Bouveret states, "The limited absorption capacity of the CP market was tested in March, as MMFs sold instruments to meet investor redemptions. We estimate that USD MMFs (US prime and EU USD MMFs) sold more than USD 50bn of financial CP, more than five times average dealer inventories. Over the same period the yield on CP surged by almost 100 bps. Similar patterns were also observed in EUR CP markets, with MMFs selling around EUR 18bn of CP, while yields rose by 30 bps."

He explains, "The combination of those three characteristics (large market footprint, high degree of overlap and low liquidity in underlying markets) makes MMFs particularly vulnerable to symmetric shocks. If several MMFs face large redemptions at the same time, they are likely to try to sell the same type of assets simultaneously. Given the limited absorption capacity of the underlying asset market, such sales will be challenging to execute, thereby creating liquidity issues for MMFs."

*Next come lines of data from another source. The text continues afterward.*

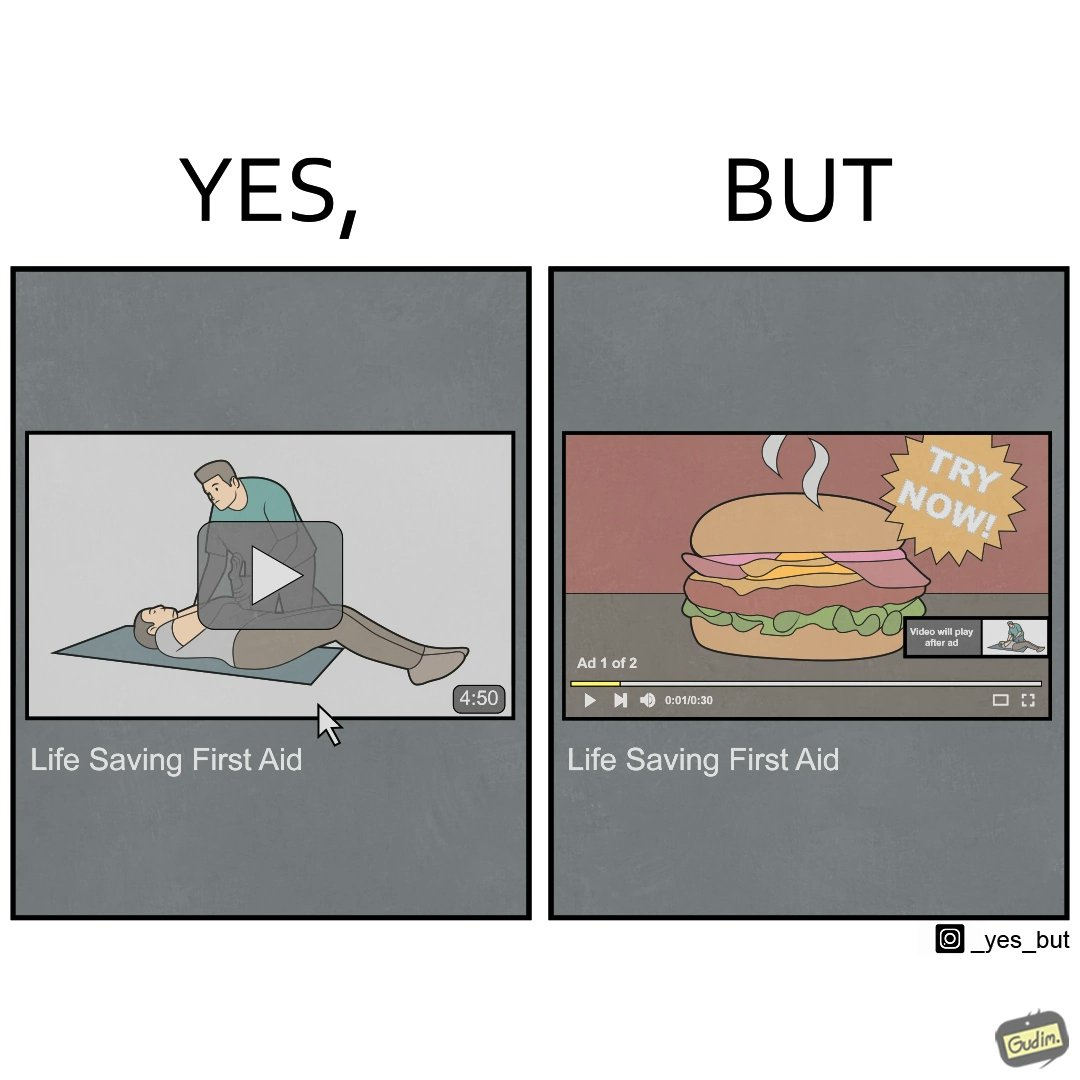Describe the content of this image. The image is ironical, as when watching a video of 4 mins 50 secs on "Life Saving First Aid", you have to see two ads, the first of which is a lengthy ad of 30 secs, and is a Burger Commercial, which is harmful for health and life, contradictory to the original video. 
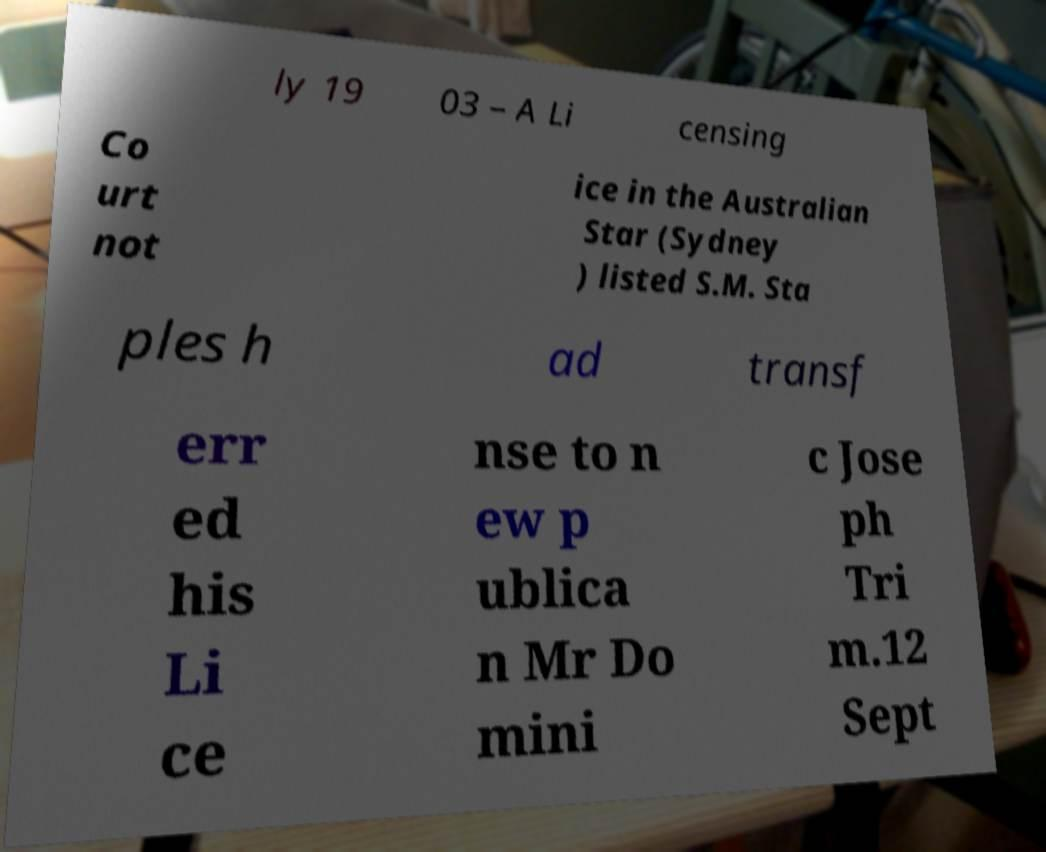Please read and relay the text visible in this image. What does it say? ly 19 03 – A Li censing Co urt not ice in the Australian Star (Sydney ) listed S.M. Sta ples h ad transf err ed his Li ce nse to n ew p ublica n Mr Do mini c Jose ph Tri m.12 Sept 
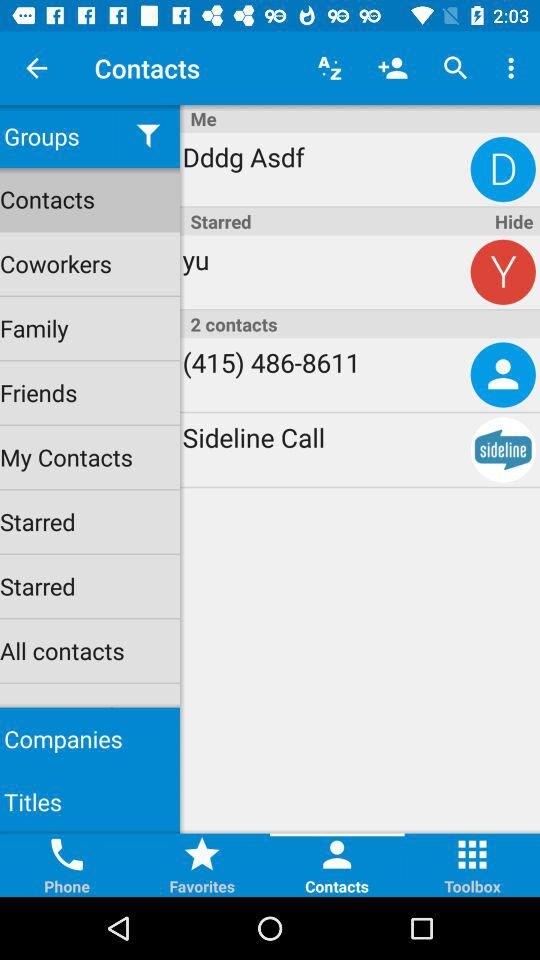What is the phone number? The phone number is (415) 486-8611. 
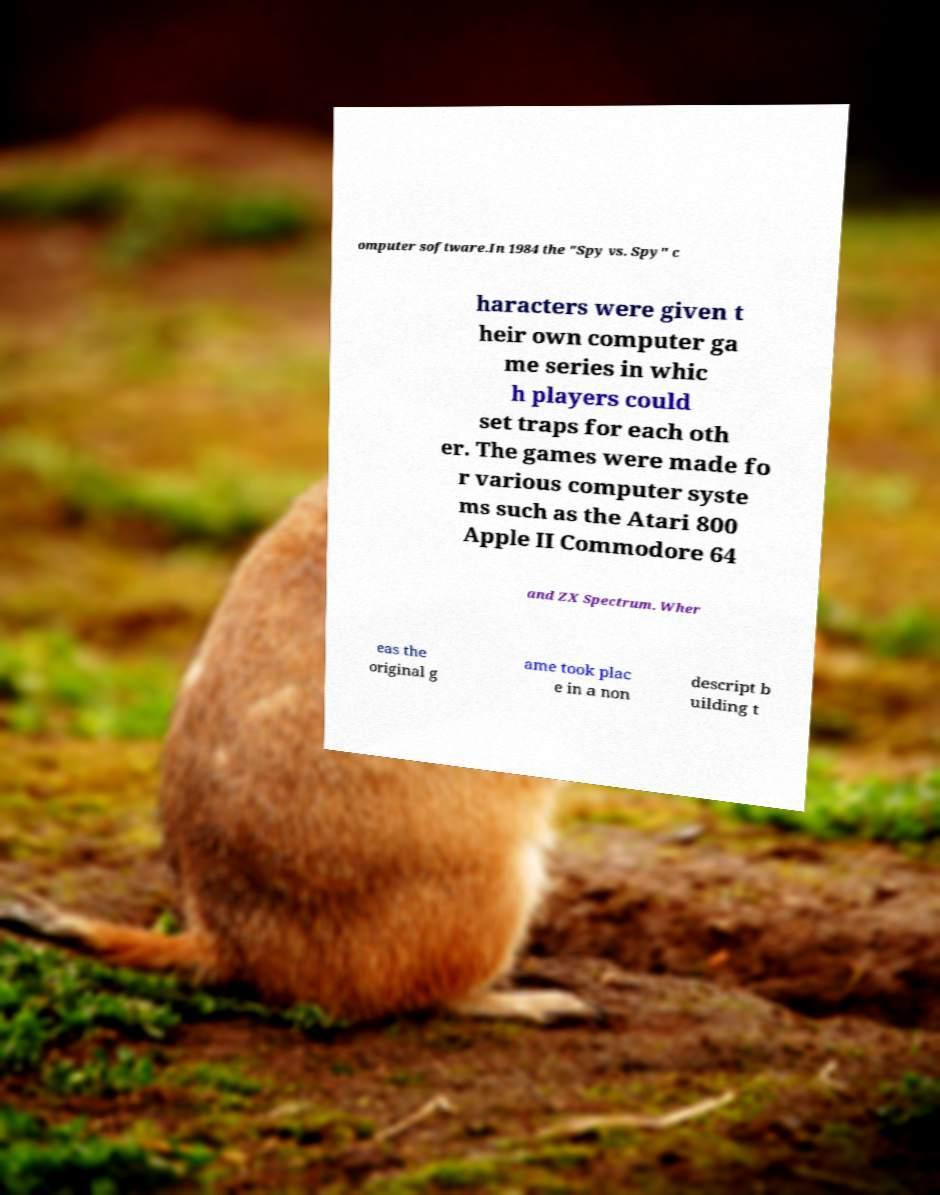I need the written content from this picture converted into text. Can you do that? omputer software.In 1984 the "Spy vs. Spy" c haracters were given t heir own computer ga me series in whic h players could set traps for each oth er. The games were made fo r various computer syste ms such as the Atari 800 Apple II Commodore 64 and ZX Spectrum. Wher eas the original g ame took plac e in a non descript b uilding t 
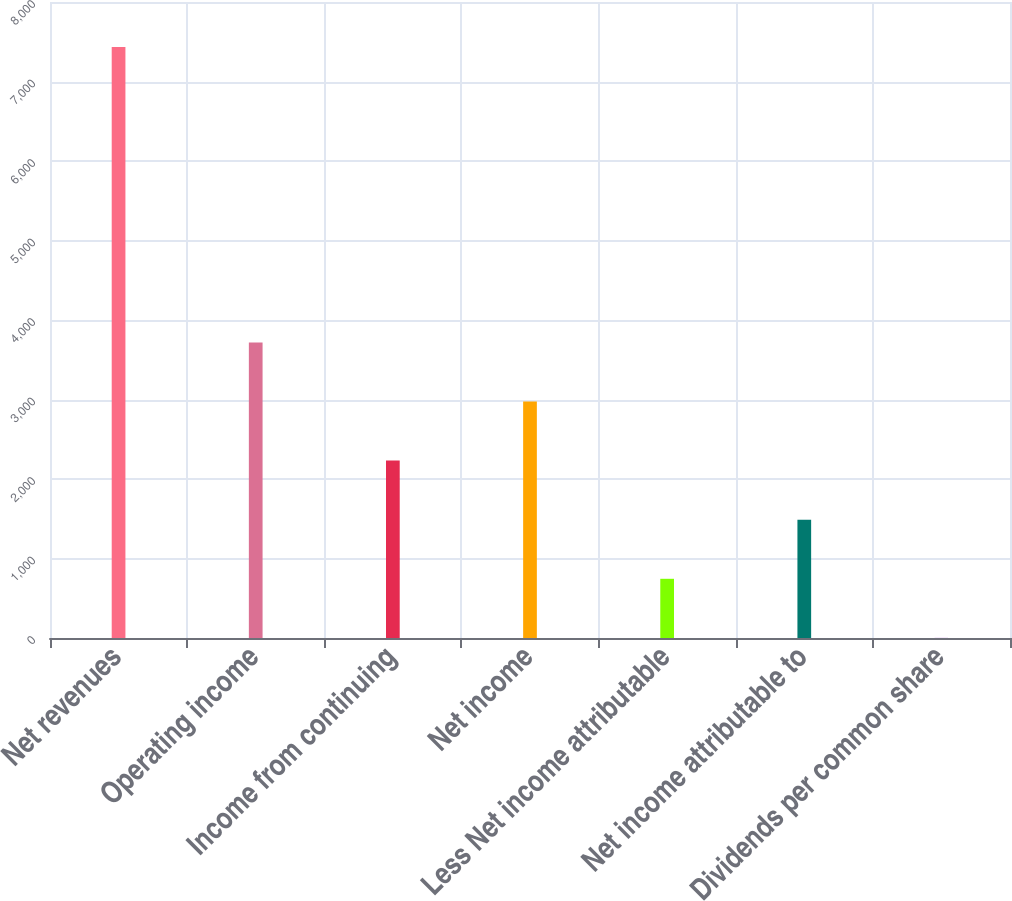<chart> <loc_0><loc_0><loc_500><loc_500><bar_chart><fcel>Net revenues<fcel>Operating income<fcel>Income from continuing<fcel>Net income<fcel>Less Net income attributable<fcel>Net income attributable to<fcel>Dividends per common share<nl><fcel>7435<fcel>3718.17<fcel>2231.43<fcel>2974.8<fcel>744.69<fcel>1488.06<fcel>1.32<nl></chart>

Bouveret also tells us, "During periods of stress, LVNAVs are likely to face challenges to meet all those constraints at the same time. [A chart] shows three MMFs that faced very high outflows in March (more than 10% in 2 weeks).... To meet those redemptions, funds can sell their most liquid assets, but that will result in a decline in WLA ... and a risk of breaching the 30% requirement. Funds can also choose to dispose of less-liquid assets, but in that case the sales could result in mark-to-market losses. Such losses will lead to a deviation between the mark-to-market NAV and the constant NAV. Although no LVNAV breached the 20 bps collar in March, a few funds were close to the threshold, with one fund having an 18 bps deviation."

ESMA's "Conclusion" states, "MMFs are an integral part of the EU financial system, as they provide maturity and liquidity transformation. However, despite important regulatory reforms, the COVID-19 crisis has shown that vulnerabilities remain. The evidence related to these vulnerabilities presented in this article can serve as input to the currently ongoing discussions on MMF regulatory reforms."

It continues, "On the asset side, EU MMFs have a very large market footprint in short-term private markets with limited liquidity. MMFs tend to have similar exposures, implying that, in the event of a wave of redemptions, MMFs would struggle to dispose of their assets. On the liability side, investors consider MMFs cash-like instruments and expect daily liquidity with very limited risks. Such expectations might make MMFs vulnerable to runs."

Finally, ESMA writes, "In addition, some regulatory provisions regarding liquidity management tools (such as the use of fees and gates) might create incentives for investors to redeem ahead of others, for example to avoid being subject to fees and gates. Methodologies used by CRAs could also reduce managers' flexibility, especially during times of stress, as managers may want to limit the probability of an MMF rating downgrade."